» PROBLEM DESCRIPTION
Output each record exactly as given. Leave out every picture.

» GIVEN ENTRIES
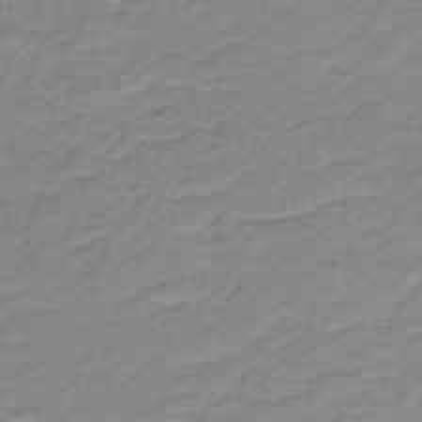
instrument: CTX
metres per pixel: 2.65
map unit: lHb
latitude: -31.7288
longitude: 65.7478

» YOUR SOLUTION
instrument: CTX
metres per pixel: 2.65
map unit: lHb
latitude: -31.7288
longitude: 65.7478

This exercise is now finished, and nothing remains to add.